Logo (multiple variants)	1024×1024	medium	Use the n parameter for variants in one call.
Multi-panel comic / storyboard	1024×1536	medium	Consistency across panels; medium is enough.
Edit / background swap / object removal	Match input	medium	Edits preserve input fidelity automatically.
2K hero asset	2560×1440	high	Upper reliability boundary.
4K hero asset	~3824×2144	high	Experimental; expect more variability.

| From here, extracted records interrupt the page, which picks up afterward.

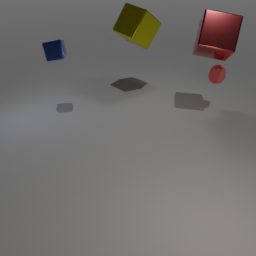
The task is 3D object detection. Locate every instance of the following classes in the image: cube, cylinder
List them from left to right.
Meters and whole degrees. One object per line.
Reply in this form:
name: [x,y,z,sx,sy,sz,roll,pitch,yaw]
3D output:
cube: [-2.744,-2.928,10.583,0.700,0.700,0.700,-12,18,1]
cube: [0.419,-4.763,13.184,1.400,1.400,1.400,36,13,34]
cube: [3.453,-3.585,10.963,1.400,1.400,1.400,13,2,5]
cylinder: [3.915,-2.364,12.284,0.700,0.700,0.700,10,28,17]

GPT Image 2 — quality and size recommendations from the official cookbook

Common Pitfalls and How to Avoid Them

Generic style boosters ("8K, ultra-detailed, masterpiece, cinematic") are mostly leftover patterns from earlier diffusion models. The cookbook is direct: spend that prompt budget on lighting, composition, and constraints instead.
Asking for "perfect skin" or "flawless" produces the generic AI portrait look — plasticky, oversmooth, identity-light. Replace those words with explicit real-photo cues: "visible pores," "fine lines," "asymmetry," "available light," "no heavy retouching."
Detailed camera specs (specific lens model, sensor size, ISO) are interpreted loosely. Use them for high-level look and composition, not for exact physical simulation.
Forgetting to quote literal text. Without quotes, the model paraphrases. With quotes plus "EXACT, verbatim, no extra characters," it renders the words as written.
Vague layout instructions ("make it look nice") lead to inconsistent results across reruns. Spell out positioning whenever you need predictable placement.
Trying to change three or more independent regions in a single edit. The cookbook flags multi-region edits as needing 2–3 iterations. Break the edit into sequential single-change passes.
Above 2560×1440, results are experimental — text rendering, fine detail, and prompt adherence become more variable. If you need a 4K hero, generate at 2K first and scale separately.
Transparent backgrounds are not currently supported on gpt-image-2. Generate on an opaque background and run a downstream background-removal pass.
Knowledge cutoff is December 2025. For post-cutoff subjects, provide a reference image rather than relying on world knowledge.
Skipping the "preserve list" on iterative edits. Each refinement pass should restate the invariants — without that restatement, drift compounds across passes.

A Reusable Prompt Template

If you take one thing from this guide, take the template. It follows the cookbook's recommended structural order and works as a copy-paste starting point for almost every use case in this article:

Intended use → Scene / background → Subject (with scale, pose, gaze) → Key visual details (materials, textures) → Composition (framing, viewpoint, focal length) → Lighting (direction, quality) → Literal in-image text in quotes (EXACT, verbatim) → Constraints (preserve list / no watermark / no extra text).

Start at quality="medium" and a 1024×1024 square, run two generations to calibrate the prompt, then move to high quality and a non-square aspect ratio for the final asset. For refinements, edit the existing image with a natural-language instruction rather than regenerating from scratch — the latter is the single biggest source of brand drift in production work.